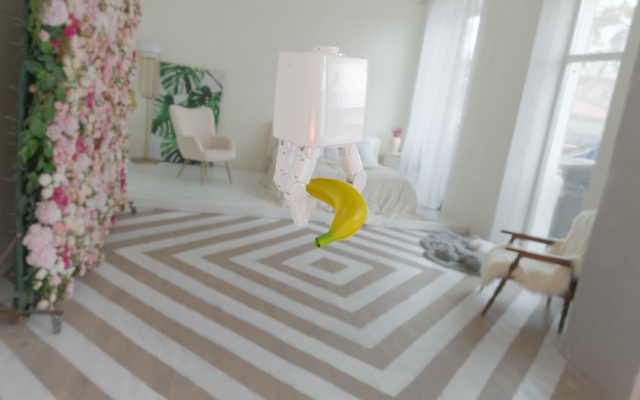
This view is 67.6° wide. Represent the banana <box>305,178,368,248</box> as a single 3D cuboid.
[{"bbox_3d":[0.019,0.003,0.594,0.069,0.037,0.197,-2,19,-5],"label":"banana"}]
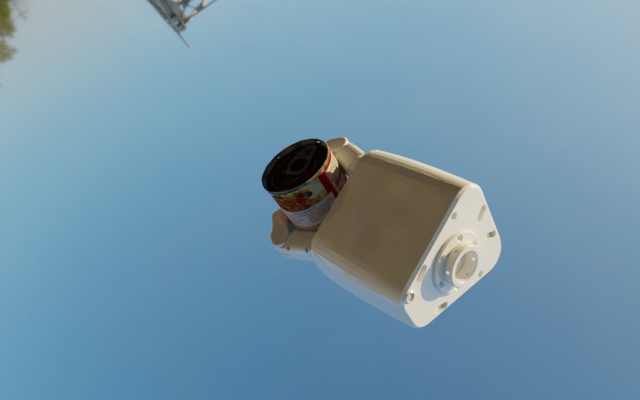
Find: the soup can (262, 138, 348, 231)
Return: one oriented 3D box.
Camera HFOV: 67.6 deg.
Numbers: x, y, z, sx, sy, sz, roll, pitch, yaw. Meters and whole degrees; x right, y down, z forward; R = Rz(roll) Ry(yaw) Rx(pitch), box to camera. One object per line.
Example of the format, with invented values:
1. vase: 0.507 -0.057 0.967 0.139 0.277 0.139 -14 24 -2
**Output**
1. soup can: 0.000 0.002 0.452 0.068 0.068 0.102 0 -41 38
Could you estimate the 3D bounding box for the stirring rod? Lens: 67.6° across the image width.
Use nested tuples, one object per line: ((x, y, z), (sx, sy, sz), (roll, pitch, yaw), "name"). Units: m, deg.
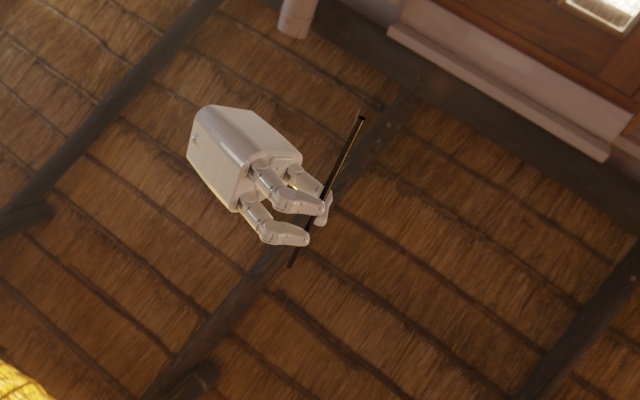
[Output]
((0.000, 0.002, 0.556), (0.011, 0.240, 0.011), (16, 39, -13), "stirring rod")
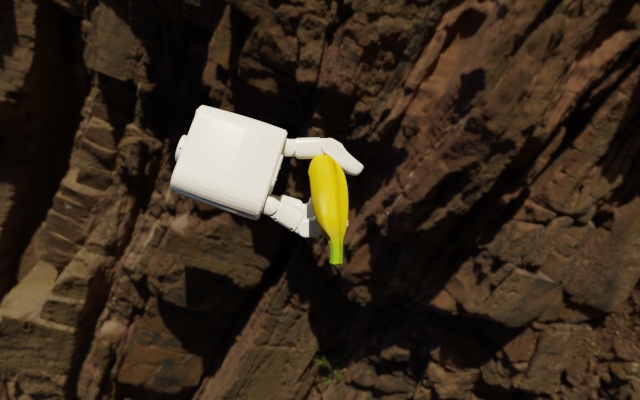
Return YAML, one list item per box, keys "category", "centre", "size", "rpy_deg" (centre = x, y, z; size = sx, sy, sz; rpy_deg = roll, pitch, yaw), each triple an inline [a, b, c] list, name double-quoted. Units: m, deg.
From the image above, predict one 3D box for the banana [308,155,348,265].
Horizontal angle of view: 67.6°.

=== AIM OF THE TASK ===
Among the lines above, find those holding "object" and copy each one.

=== THE COMPLETED TASK ===
Numbers: x, y, z, sx, sy, sz, roll, pitch, yaw. Meters and whole degrees; x right, y down, z forward; R = Rz(roll) Ry(yaw) Rx(pitch), box to camera. One object per line.
Use nested tuples, one object per line: ((x, y, z), (sx, sy, sz), (roll, pitch, yaw), "name"). Units: m, deg.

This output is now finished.